Thanks, I didn't know that...

Well, I had no doubt that the ratio would be around 3 to 1: you have 3 times as many cores, 74.735/26.952 ~ 2.77. And that's good news: more cores means more gain! AMD has bailed out here as well - due to the number of cores!

But I wonder what others will have - say, someone with an i5 Sandy Bridge?

And if someone has a Bulldozer e, it could be really cool... although it might not, because it's a bit of a FPU problem.

 
MetaDriver:

And in this test, for some reason, my iron tore yours.

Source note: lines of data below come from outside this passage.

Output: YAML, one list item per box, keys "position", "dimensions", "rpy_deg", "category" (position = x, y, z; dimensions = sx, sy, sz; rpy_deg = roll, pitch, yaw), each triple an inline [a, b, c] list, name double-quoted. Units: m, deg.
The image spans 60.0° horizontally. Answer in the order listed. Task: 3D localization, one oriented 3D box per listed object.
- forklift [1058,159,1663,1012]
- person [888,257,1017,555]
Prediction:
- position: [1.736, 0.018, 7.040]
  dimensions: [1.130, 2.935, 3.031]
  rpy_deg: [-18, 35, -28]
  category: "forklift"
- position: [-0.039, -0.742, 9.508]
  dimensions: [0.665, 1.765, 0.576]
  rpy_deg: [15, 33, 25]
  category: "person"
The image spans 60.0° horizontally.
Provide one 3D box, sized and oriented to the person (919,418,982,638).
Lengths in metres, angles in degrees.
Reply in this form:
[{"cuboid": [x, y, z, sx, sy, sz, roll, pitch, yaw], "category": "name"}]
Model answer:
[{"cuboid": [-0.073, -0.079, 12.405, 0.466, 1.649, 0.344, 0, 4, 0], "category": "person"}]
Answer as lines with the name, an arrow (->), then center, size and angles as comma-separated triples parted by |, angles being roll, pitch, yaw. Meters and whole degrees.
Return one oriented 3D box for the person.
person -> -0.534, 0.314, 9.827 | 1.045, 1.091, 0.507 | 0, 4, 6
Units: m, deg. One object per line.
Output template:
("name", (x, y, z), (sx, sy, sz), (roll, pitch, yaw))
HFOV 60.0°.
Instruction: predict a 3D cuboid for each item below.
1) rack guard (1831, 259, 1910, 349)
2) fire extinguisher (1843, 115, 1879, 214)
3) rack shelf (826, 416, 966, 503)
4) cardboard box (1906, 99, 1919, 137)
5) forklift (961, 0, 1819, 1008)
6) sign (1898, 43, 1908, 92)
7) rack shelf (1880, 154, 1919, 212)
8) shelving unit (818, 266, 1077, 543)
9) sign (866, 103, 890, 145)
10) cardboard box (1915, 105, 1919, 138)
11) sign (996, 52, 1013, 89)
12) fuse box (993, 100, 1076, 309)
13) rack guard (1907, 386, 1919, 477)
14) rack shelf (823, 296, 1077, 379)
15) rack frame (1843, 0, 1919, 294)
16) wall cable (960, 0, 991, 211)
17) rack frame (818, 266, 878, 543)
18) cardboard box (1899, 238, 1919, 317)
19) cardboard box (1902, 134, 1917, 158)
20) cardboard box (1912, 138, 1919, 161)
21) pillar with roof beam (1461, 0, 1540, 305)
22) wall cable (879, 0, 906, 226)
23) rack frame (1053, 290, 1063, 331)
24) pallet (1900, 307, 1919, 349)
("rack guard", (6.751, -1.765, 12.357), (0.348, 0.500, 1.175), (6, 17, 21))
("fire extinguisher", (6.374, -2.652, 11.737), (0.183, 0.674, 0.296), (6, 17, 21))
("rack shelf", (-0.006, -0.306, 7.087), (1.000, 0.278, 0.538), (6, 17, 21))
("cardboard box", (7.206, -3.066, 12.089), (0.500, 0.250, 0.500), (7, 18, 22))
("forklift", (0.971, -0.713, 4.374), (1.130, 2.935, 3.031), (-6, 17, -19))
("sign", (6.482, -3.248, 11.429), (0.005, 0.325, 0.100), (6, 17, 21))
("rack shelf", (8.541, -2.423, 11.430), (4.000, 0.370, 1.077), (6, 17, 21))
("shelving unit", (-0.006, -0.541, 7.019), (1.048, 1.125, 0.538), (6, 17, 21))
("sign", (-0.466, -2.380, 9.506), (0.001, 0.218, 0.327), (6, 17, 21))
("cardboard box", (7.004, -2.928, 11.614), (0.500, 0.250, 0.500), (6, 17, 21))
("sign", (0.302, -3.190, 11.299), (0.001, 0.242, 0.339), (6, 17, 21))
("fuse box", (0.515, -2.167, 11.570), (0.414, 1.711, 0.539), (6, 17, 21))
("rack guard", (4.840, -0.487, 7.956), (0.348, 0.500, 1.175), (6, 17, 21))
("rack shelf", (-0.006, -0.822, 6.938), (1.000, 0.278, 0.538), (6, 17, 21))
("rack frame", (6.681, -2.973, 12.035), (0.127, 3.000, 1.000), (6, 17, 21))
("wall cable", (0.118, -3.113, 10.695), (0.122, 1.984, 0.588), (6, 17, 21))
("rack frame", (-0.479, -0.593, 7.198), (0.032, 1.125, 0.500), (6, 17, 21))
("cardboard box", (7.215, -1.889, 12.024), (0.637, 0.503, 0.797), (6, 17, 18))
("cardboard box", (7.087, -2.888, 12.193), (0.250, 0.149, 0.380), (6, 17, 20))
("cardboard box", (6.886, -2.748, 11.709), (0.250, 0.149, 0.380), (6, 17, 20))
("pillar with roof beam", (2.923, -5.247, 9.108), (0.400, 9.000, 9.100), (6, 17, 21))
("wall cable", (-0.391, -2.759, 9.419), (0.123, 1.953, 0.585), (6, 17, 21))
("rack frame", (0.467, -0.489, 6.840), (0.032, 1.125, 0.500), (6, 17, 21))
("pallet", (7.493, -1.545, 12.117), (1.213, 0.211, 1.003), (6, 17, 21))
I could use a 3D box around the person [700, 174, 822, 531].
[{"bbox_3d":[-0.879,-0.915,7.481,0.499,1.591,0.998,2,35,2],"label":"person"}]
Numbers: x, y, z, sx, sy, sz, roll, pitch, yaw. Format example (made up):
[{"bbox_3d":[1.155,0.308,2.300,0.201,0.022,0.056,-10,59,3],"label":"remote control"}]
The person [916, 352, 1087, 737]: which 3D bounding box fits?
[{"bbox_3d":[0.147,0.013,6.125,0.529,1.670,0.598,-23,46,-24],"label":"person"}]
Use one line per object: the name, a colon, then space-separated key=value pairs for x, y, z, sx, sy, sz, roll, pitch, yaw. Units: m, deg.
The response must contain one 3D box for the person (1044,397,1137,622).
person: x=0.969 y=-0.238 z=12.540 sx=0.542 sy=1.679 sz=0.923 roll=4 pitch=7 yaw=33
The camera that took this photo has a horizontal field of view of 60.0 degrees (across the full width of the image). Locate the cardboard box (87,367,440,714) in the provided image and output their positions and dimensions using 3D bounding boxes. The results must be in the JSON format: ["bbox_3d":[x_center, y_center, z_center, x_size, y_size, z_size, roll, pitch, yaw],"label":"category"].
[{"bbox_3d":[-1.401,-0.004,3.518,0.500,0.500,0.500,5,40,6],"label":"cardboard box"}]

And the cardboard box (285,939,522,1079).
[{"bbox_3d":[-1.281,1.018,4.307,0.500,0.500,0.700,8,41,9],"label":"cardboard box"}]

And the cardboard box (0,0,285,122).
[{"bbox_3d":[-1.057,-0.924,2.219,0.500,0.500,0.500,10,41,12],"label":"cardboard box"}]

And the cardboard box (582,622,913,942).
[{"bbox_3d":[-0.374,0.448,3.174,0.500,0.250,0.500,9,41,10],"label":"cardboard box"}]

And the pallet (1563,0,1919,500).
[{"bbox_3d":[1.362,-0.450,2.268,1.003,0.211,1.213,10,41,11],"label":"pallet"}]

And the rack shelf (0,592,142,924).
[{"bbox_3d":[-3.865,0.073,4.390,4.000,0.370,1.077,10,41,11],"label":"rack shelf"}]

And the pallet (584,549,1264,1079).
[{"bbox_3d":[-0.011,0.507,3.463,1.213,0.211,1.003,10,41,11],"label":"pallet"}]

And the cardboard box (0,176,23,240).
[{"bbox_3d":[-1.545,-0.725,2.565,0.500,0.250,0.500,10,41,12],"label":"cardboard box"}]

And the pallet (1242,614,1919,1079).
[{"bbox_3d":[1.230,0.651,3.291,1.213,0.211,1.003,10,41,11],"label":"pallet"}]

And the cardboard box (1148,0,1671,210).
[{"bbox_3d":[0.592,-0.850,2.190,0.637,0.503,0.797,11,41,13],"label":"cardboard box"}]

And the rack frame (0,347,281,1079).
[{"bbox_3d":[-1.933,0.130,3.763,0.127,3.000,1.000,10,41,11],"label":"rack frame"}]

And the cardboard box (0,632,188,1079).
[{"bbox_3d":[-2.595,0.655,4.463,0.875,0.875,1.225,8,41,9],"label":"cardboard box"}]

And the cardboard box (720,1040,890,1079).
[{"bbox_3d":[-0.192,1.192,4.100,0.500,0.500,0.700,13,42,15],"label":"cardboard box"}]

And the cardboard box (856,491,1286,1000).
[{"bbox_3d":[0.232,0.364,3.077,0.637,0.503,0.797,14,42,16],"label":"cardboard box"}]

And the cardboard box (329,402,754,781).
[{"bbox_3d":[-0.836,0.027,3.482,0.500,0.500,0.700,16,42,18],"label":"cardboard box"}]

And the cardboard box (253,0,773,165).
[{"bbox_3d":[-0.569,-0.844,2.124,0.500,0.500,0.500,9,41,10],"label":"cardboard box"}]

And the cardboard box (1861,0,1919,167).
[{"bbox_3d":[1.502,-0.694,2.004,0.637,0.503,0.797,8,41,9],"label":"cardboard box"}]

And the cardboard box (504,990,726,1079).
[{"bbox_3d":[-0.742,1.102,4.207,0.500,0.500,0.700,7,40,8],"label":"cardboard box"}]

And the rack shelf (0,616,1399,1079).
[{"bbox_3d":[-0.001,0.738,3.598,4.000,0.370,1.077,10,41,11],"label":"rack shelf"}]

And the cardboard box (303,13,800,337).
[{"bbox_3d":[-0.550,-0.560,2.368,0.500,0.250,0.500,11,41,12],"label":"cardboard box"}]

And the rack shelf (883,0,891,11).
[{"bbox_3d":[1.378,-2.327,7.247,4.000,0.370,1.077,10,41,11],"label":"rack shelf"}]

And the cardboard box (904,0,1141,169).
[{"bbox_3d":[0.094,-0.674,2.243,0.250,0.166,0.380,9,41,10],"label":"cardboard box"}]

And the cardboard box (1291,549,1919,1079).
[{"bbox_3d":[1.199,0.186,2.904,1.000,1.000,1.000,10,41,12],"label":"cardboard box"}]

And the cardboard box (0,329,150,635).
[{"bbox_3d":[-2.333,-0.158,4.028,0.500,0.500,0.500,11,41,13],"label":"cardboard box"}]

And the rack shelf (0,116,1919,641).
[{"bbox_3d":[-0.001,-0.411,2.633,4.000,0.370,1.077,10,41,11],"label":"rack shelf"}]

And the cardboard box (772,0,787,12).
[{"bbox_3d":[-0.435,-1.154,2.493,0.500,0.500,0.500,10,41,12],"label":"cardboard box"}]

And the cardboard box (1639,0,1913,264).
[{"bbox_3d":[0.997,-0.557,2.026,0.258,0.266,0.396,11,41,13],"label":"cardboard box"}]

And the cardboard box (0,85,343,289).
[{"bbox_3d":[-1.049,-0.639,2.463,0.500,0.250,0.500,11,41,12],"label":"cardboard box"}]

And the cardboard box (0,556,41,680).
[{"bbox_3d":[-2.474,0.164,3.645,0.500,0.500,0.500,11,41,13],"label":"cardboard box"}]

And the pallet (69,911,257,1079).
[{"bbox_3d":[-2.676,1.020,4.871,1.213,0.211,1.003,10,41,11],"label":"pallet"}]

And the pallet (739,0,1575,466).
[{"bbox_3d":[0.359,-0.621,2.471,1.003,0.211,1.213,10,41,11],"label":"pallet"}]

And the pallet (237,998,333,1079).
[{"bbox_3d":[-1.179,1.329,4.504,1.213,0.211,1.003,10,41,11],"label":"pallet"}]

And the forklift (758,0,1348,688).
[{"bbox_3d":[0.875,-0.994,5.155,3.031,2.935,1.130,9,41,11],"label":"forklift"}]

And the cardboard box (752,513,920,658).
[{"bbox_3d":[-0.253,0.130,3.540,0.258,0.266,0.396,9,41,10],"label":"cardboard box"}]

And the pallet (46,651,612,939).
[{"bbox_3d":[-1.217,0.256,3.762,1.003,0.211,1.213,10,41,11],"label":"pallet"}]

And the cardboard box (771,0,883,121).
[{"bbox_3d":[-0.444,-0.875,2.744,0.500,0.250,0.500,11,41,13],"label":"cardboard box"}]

2012.04.09 01:09:36        ParallelTester_00-02-316x7x3j (EURUSD,H1)          CpuTime/GpuTime = 161.0007722007722

2012.04.09 01:09:36    ParallelTester_00-02-316x7x3j (EURUSD,H1)    Result on Cpu МахResult==4.85831 at 2497 pass
2012.04.09 01:09:36    ParallelTester_00-02-316x7x3j (EURUSD,H1)    Соunt inticators = 16; Count history bars = 50000; Count pass = 4096
2012.04.09 01:09:36    ParallelTester_00-02-316x7x3j (EURUSD,H1)    CPU time = 208496 ms
2012.04.09 01:06:08    ParallelTester_00-02-316x7x3j (EURUSD,H1)    Result on Gpu МахResult==4.85831 at 2497 pass
2012.04.09 01:06:08    ParallelTester_00-02-316x7x3j (EURUSD,H1)    Соunt inticators = 16; Count history bars = 50000; Count pass = 4096
2012.04.09 01:06:08    ParallelTester_00-02-316x7x3j (EURUSD,H1)    GPU time = 1295 ms

2012.04.09 01:06:07        ParallelTester_00-02-316x7x3j (EURUSD,H1)           OpenCL init OK!


And here is this test on OpenCL CPU (all 4 cores are 100% loaded)

2012.04.09 01:11:15    ParallelTester_00-02-316x7x3j (EURUSD,H1)    GPU time = 68547 ms

2012.04.09 01:10:07    ParallelTester_00-02-316x7x3j (EURUSD,H1)    OpenCL init OK!


GPU has 480 flies and CPU has 4, the difference is 120 times, that is, 120 times more calculations can be done at once, but the CPU lagged behind the GPU only 68547/1295=52.9 times. That means the CPU thread is faster than the GPU thread, but the GPU only wins because it can perform more simultaneous tasks. Do I get it right?


Scaling on CPU is a lot less than 100% (about 76%), instead of 4x only 3x acceleration 208496/68547=3.04

Although, the specifics of this test may be affecting it.

 

Andrei, I think you've got something wrong: MD only posted this test here on the CPU, without the graphics card, i.e. directly selecting the CPU emulation. As I understand it, your first test is on the graphics card.

And the result of your OpenCL emulating graphics card (your second test) seems to be suspiciously low even in comparison with mine (I had about 10 seconds on "GPU").

If I've misunderstood something, correct me.